Nella tradizione culturale occidentale, la donna è infatti storicamente “mancanza” rispetto all’uomo, fase imperfetta di un modello che prevede – a ben guardare – un unico sesso: da Galeno e Sorano, che pensavano addirittura i genitali femminili come genitali maschili non del tutto sviluppatisi e, quindi, la donna come quasi-uomo, per arrivare a Freud e alla sua teoria della donna come uomo castrato, conseguentemente caratterizzata dall’invidia del pene. Il dominio dell’uomo sulla donna si annida insomma nelle strutture stesse del nostro pensiero che, al tempo stesso, rappresentando e legittimando un ordine sociale, non può non rispecchiarsi nelle varie discipline di studio.
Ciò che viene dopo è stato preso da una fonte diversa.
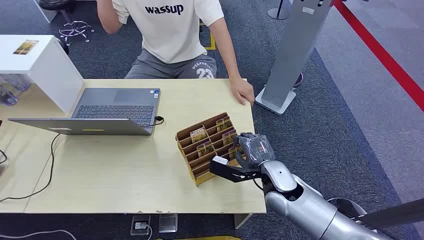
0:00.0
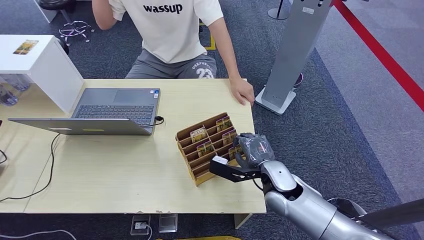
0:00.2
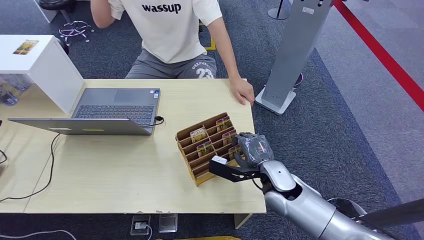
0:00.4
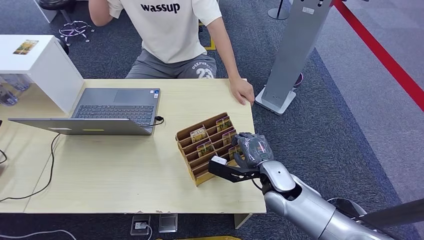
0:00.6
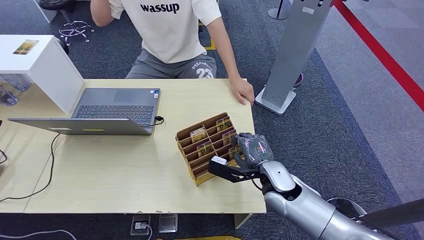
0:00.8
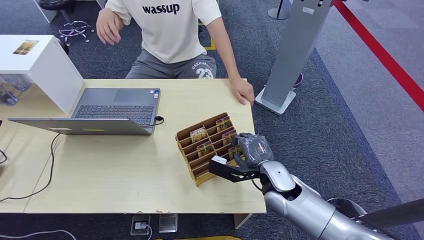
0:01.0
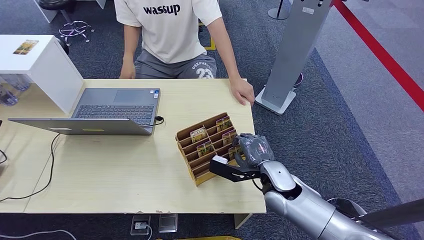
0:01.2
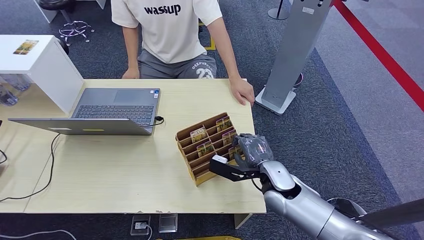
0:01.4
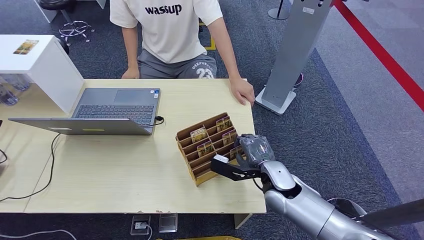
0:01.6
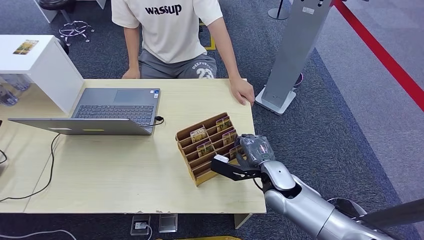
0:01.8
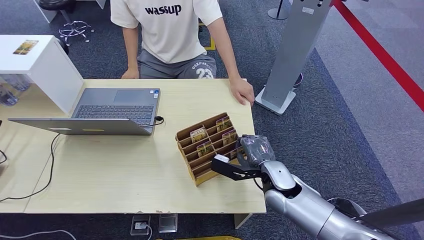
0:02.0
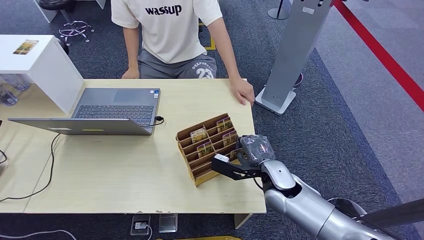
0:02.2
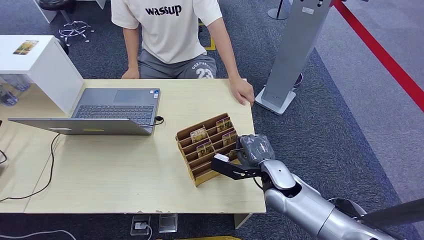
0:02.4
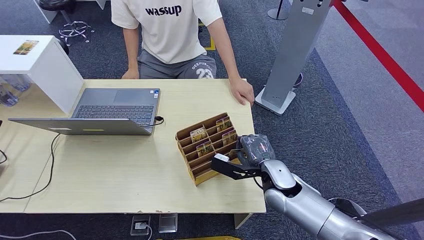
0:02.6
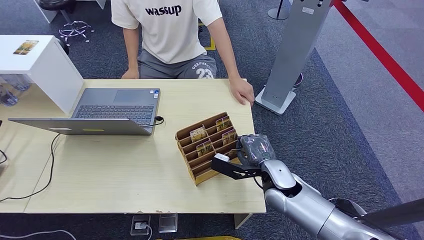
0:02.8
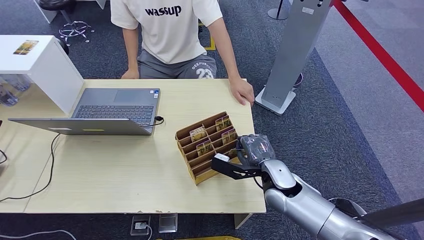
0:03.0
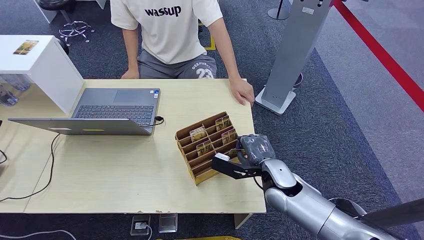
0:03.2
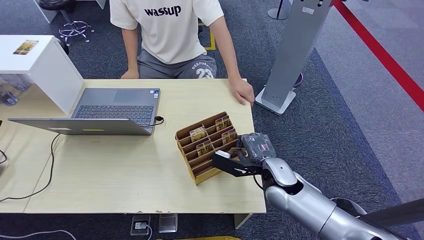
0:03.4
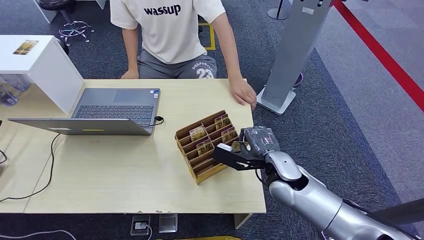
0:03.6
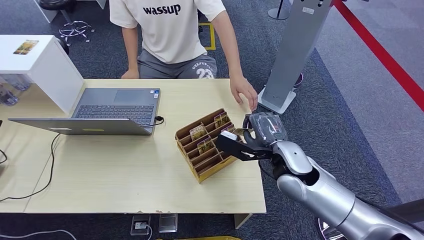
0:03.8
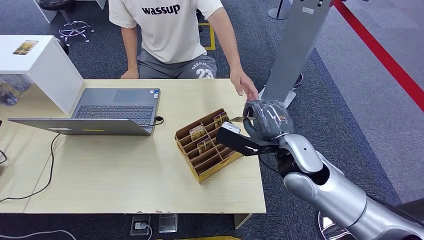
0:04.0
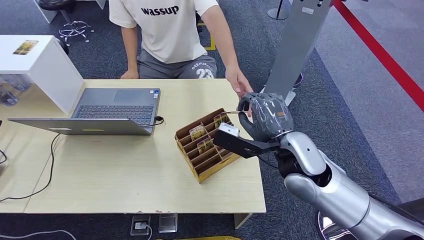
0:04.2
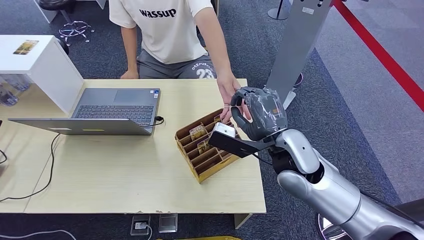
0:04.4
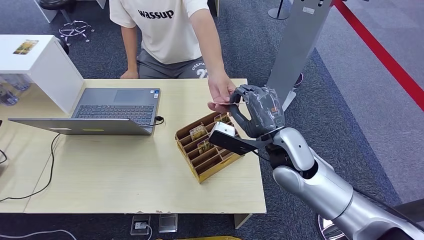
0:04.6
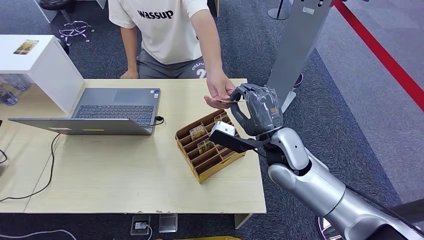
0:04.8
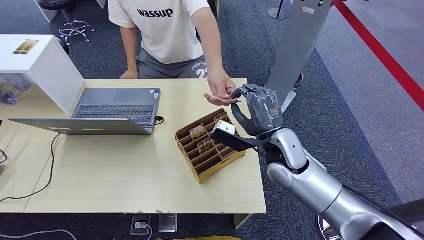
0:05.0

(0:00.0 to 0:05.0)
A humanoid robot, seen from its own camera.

Basta fare qualche grossolano esempio: 1) la filosofia è un affare di uomini e, dopo Diotima, il personaggio citato da Socrate nel Simposio platonico, dobbiamo aspettare il XX secolo, con De Beauvoir e Arendt, per incontrare una filosofa; 2) l’antropologia, secondo Ivan Illich [6], ha a lungo studiato uomini e donne come ànthropoi indifferenziati; 3) le scienze linguistiche, afferma Irigaray, “non hanno preso in considerazione, e a volte rifiutano perfino di farlo, il problema della sessuazione del discorso”, non sospettando “che la sintassi e la struttura sintattico-semantica siano determinate sessualmente, non neutre né universali e atemporali” [7]; 4) Thomas Laqueur ha mostrato [8] come, nei secoli, l’anatomia abbia studiato – e rappresentato graficamente nei manuali – solo corpi maschili (quelli femminili apparivano solo nel capitolo dedicato all’apparato genitale); 5) le letterature contemplano una rarefazione delle letterate, con enormi lacune che separano Saffo da Gaspara Stampa, e quest'ultima dalla Morante...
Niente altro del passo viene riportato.